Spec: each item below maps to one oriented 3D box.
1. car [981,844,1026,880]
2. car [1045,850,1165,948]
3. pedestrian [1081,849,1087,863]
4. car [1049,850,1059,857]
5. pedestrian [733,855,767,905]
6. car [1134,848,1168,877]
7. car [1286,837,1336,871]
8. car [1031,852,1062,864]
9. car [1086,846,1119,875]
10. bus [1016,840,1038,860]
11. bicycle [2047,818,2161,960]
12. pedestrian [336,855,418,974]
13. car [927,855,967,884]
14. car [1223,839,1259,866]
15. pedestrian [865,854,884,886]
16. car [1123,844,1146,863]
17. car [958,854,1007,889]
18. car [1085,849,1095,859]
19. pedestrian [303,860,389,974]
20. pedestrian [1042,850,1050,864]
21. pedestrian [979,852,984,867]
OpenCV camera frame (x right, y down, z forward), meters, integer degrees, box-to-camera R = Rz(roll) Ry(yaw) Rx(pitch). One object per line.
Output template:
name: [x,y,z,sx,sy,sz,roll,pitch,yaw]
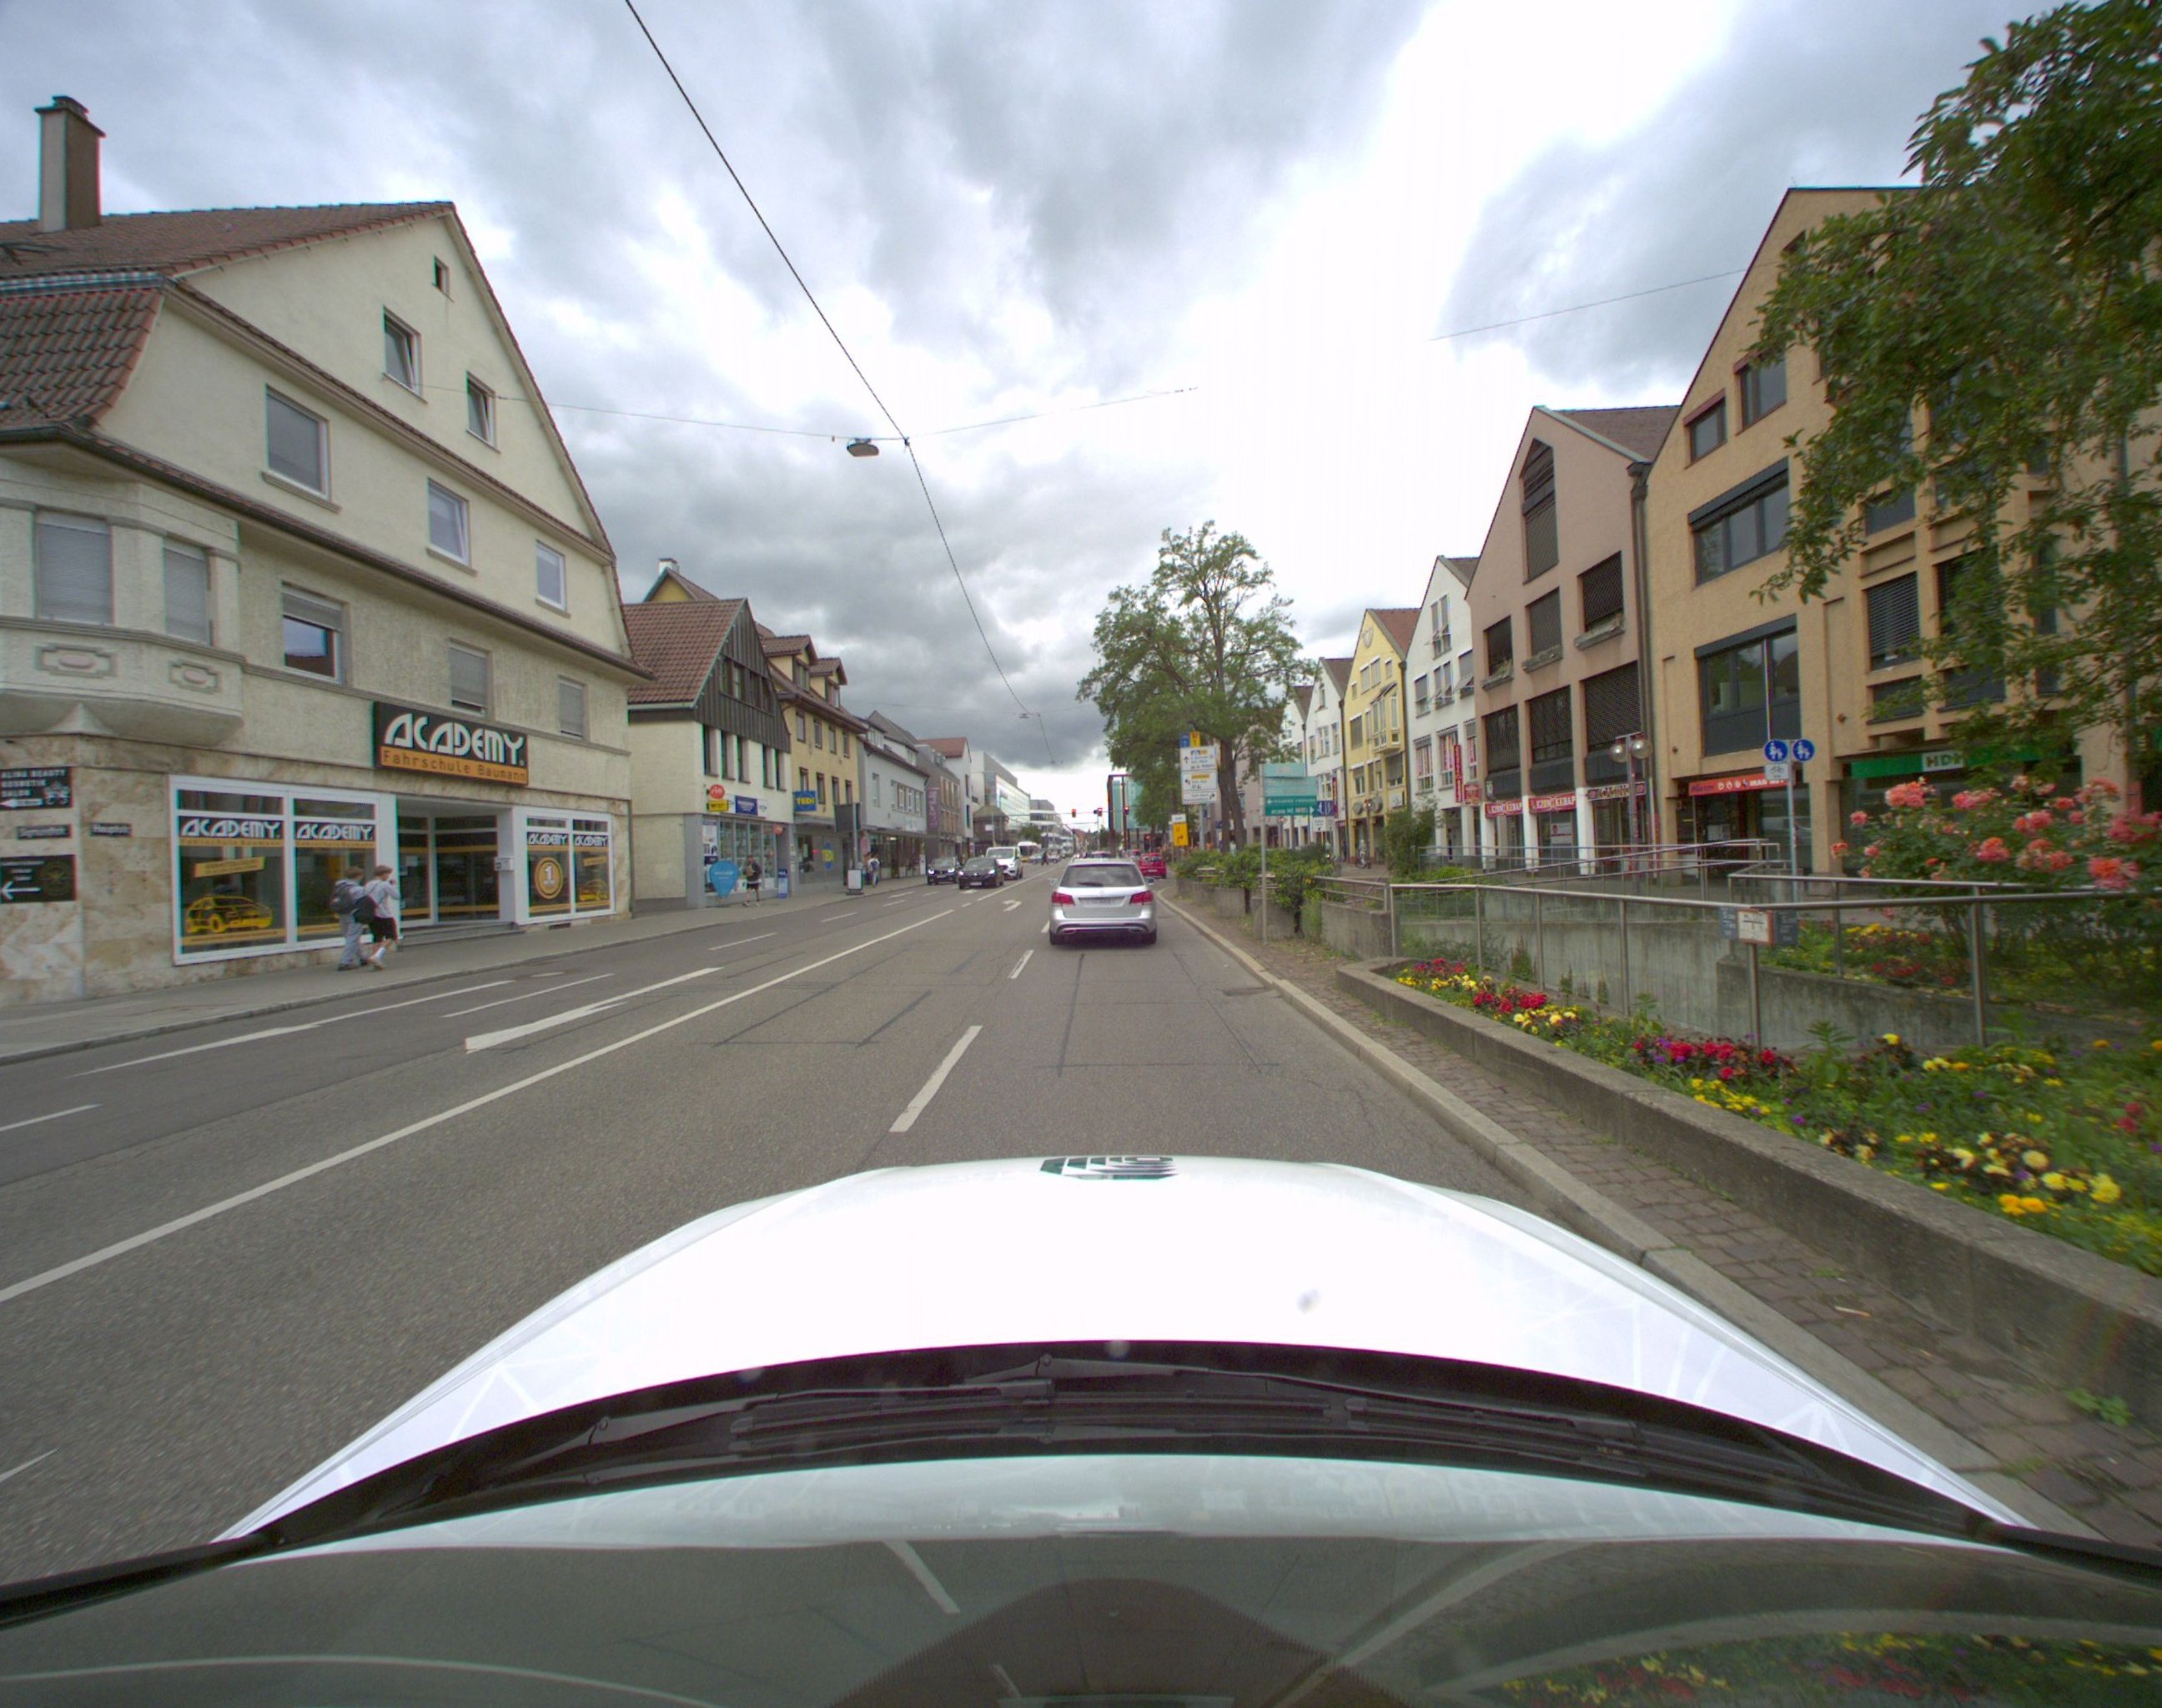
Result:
car: [-4.549,0.445,48.446,1.954,1.960,5.141,-4,0,1]
car: [0.367,0.717,14.937,1.869,1.506,3.999,-2,0,-1]
pedestrian: [0.354,0.248,92.542,0.612,1.634,0.586,1,0,-8]
car: [-4.910,-0.120,148.167,1.569,1.244,3.608,-2,0,2]
pedestrian: [-11.658,0.910,28.720,0.865,1.746,0.805,1,0,-4]
car: [3.982,0.544,47.043,1.747,1.521,4.002,-3,-2,2]
car: [13.617,-0.017,48.381,1.860,1.864,4.001,-2,0,1]
car: [-4.625,0.535,109.704,4.084,1.541,1.581,-2,0,2]
car: [1.358,0.373,51.897,1.986,1.684,4.001,-2,0,1]
bus: [-8.798,-0.619,133.267,2.765,3.165,5.935,-2,0,2]
bicycle: [11.053,0.299,8.152,1.812,1.326,0.842,-2,0,-3]
pedestrian: [-11.289,0.948,13.079,0.631,1.824,0.681,-3,0,1]
car: [-7.762,0.866,47.396,1.611,1.523,3.508,-3,0,1]
car: [11.850,-0.141,60.584,1.860,1.864,4.001,-2,0,1]
pedestrian: [-10.738,0.827,42.393,0.815,1.634,0.979,0,0,-4]
car: [5.036,-0.014,77.066,1.986,1.684,4.001,-2,0,1]
car: [-4.501,0.780,37.750,1.611,1.428,3.924,-3,0,2]
car: [1.968,0.063,174.547,1.987,2.013,4.001,-2,0,1]
pedestrian: [-11.965,1.005,13.274,0.685,1.761,0.681,-3,0,1]
pedestrian: [-4.082,0.307,94.195,0.854,1.634,0.588,1,0,3]
pedestrian: [-11.475,0.621,93.952,0.584,1.634,0.615,1,0,-1]
========================================
_Exercise prompt_: An exact copy of the entries above is required; pictures are not part of it.

_Task solution_:
Spec: each item below maps to one oriented 3D box.
1. car [981,844,1026,880]
2. car [1045,850,1165,948]
3. pedestrian [1081,849,1087,863]
4. car [1049,850,1059,857]
5. pedestrian [733,855,767,905]
6. car [1134,848,1168,877]
7. car [1286,837,1336,871]
8. car [1031,852,1062,864]
9. car [1086,846,1119,875]
10. bus [1016,840,1038,860]
11. bicycle [2047,818,2161,960]
12. pedestrian [336,855,418,974]
13. car [927,855,967,884]
14. car [1223,839,1259,866]
15. pedestrian [865,854,884,886]
16. car [1123,844,1146,863]
17. car [958,854,1007,889]
18. car [1085,849,1095,859]
19. pedestrian [303,860,389,974]
20. pedestrian [1042,850,1050,864]
21. pedestrian [979,852,984,867]
OpenCV camera frame (x right, y down, z forward), meters, integer degrees, box-to-camera R = Rz(roll) Ry(yaw) Rx(pitch). One object per line.
Output template:
name: [x,y,z,sx,sy,sz,roll,pitch,yaw]
Result:
car: [-4.549,0.445,48.446,1.954,1.960,5.141,-4,0,1]
car: [0.367,0.717,14.937,1.869,1.506,3.999,-2,0,-1]
pedestrian: [0.354,0.248,92.542,0.612,1.634,0.586,1,0,-8]
car: [-4.910,-0.120,148.167,1.569,1.244,3.608,-2,0,2]
pedestrian: [-11.658,0.910,28.720,0.865,1.746,0.805,1,0,-4]
car: [3.982,0.544,47.043,1.747,1.521,4.002,-3,-2,2]
car: [13.617,-0.017,48.381,1.860,1.864,4.001,-2,0,1]
car: [-4.625,0.535,109.704,4.084,1.541,1.581,-2,0,2]
car: [1.358,0.373,51.897,1.986,1.684,4.001,-2,0,1]
bus: [-8.798,-0.619,133.267,2.765,3.165,5.935,-2,0,2]
bicycle: [11.053,0.299,8.152,1.812,1.326,0.842,-2,0,-3]
pedestrian: [-11.289,0.948,13.079,0.631,1.824,0.681,-3,0,1]
car: [-7.762,0.866,47.396,1.611,1.523,3.508,-3,0,1]
car: [11.850,-0.141,60.584,1.860,1.864,4.001,-2,0,1]
pedestrian: [-10.738,0.827,42.393,0.815,1.634,0.979,0,0,-4]
car: [5.036,-0.014,77.066,1.986,1.684,4.001,-2,0,1]
car: [-4.501,0.780,37.750,1.611,1.428,3.924,-3,0,2]
car: [1.968,0.063,174.547,1.987,2.013,4.001,-2,0,1]
pedestrian: [-11.965,1.005,13.274,0.685,1.761,0.681,-3,0,1]
pedestrian: [-4.082,0.307,94.195,0.854,1.634,0.588,1,0,3]
pedestrian: [-11.475,0.621,93.952,0.584,1.634,0.615,1,0,-1]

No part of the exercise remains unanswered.